After a school bus rolled on a West Virginia highway two years ago — forcing one boy to have his leg amputated and seriously injuring two other children on board — police quickly discovered that the driver was drunk.
But the National Transportation Safety Board then uncovered something even more troubling: drunk school bus drivers were not an isolated problem.
That's why the NTSB on Thursday recommended for the first time that all new school buses be equipped with alcohol detection systems that can disable the bus if they detect the driver might be impaired.
"There's a higher expectation for school bus drivers than many other types of drivers," said Kris Poland, deputy director of the NTSB's Office of Highway Safety. "We expect that drivers are attentive, not fatigued, not impaired, and are driving as safely as possible."
The agency didn't estimate the cost of adding the detection systems to buses or say who would foot the bill. The kind of ignition interlock device that people charged with DUIs are routinely required to install costs about $75 to $150 upfront and roughly $100 a month to monitor.
Federal regulators or states could require the technology, but Congress would have to pass legislation to ensure widespread adoption. The NTSB recommendation focuses on alcohol, not drugs, because the agency determined alcohol was the probable cause of this crash, and there aren't similar tests available for other drugs like marijuana. There also aren't clear legal standards for exactly how much of other drugs is enough to impair a driver.

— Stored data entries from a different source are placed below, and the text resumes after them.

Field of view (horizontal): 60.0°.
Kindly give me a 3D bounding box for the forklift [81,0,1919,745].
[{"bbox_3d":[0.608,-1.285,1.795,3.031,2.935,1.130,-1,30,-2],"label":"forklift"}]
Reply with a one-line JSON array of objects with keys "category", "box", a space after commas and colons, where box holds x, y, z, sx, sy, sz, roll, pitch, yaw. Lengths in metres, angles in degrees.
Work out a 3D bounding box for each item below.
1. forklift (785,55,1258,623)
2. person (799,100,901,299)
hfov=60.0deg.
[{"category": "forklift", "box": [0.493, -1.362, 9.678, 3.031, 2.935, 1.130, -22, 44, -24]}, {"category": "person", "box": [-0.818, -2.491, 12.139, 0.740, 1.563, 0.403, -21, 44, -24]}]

It follows a previous recommendation by the NTSB that Congress adopted to require alcohol detection systems in all new passenger vehicles. But that rule has yet to be rolled out because it is still caught up in the rulemaking process.
The NTSB has long been concerned about drunken driving because alcohol is a factor in one-third of the roughly 37,000 traffic deaths each year. Investigators struggled to pin down exact statistics on how common the problem is among school bus drivers, but they found enough evidence to conclude that alcohol detection systems are needed.
None of the federal highway safety agencies track school bus driver DUIs separately from other commercial drivers, and the data doesn't always include every allegation if there wasn't a fatal crash involved.
But a report by the news service Stateline.org in 2020 showed that at least 118 school bus drivers had been accused of driving drunk over the previous five years, said Meg Sweeny, the primary author of the NTSB report on the West Virginia bus crash.
In that crash, the driver lost control of the bus after hitting a driveway culvert off the right side of a rural road. All 19 children on board were injured, but most had only minor injuries. The driver was sentenced last year to up to 110 years in prison.
The number of drunken driving cases among bus drivers was alarming, even though it remains a small portion of all drivers, said Peter Kurdock, general counsel for Advocates for Highway and Auto Safety.
"Children going to and from school are America's most precious passengers," Kurdock said. "So we should be doing all we can to make the bus as safe as possible."
But Kurdock predicted the proposal will likely face pushback from the owners of the nation's half-million school buses, much like the industry has opposed the NTSB's longstanding recommendation to add seat belts to school buses.
Several states have required seat belts, but most school buses do not have them, partly because the buses are already regarded as quite safe. Even when seat belts have been installed, the NTSB said students might not wear them, so the agency issued an urgent recommendation last fall after a Texas crash urging districts to take steps to ensure their use.
None of the three largest school bus companies, which transport children on some 80,000 buses each day, nor the primary bus manufacturers responded to phone calls and emails seeking comment about the NTSB recommendation. The National School Boards Association also did not immediately comment.
Most school bus trips remain safe, according to the NTSB.
Of the nearly 1,000 fatal crashes involving school buses in the decade leading up to 2023, 70% of the nearly 1,100 people who died were in other vehicles, not on the buses, according to the National Highway Traffic Safety Administration's latest statistics.
Only 113 school bus passengers were killed during that timeframe, underscoring how the large yellow vehicles are generally safe—so long as children are not thrown from their seats. That is where the NTSB believes installing seat belts, and ensuring they are worn, would make a significant difference.
Attorney Todd Spodek, whose New York law firm has handled tens of thousands of drunken driving cases, said he does not believe the recommendation would violate the rights of bus drivers. He also does not think drivers would be able to argue that being screened for alcohol use is too onerous.
Spodek said the safety benefits of ensuring bus drivers are not impaired far outweigh any concerns about inconvenience.
"If you're in a position of control over something like that, you should be held to greater scrutiny," Spodek said. "It's a minor inconvenience with a tremendous upside."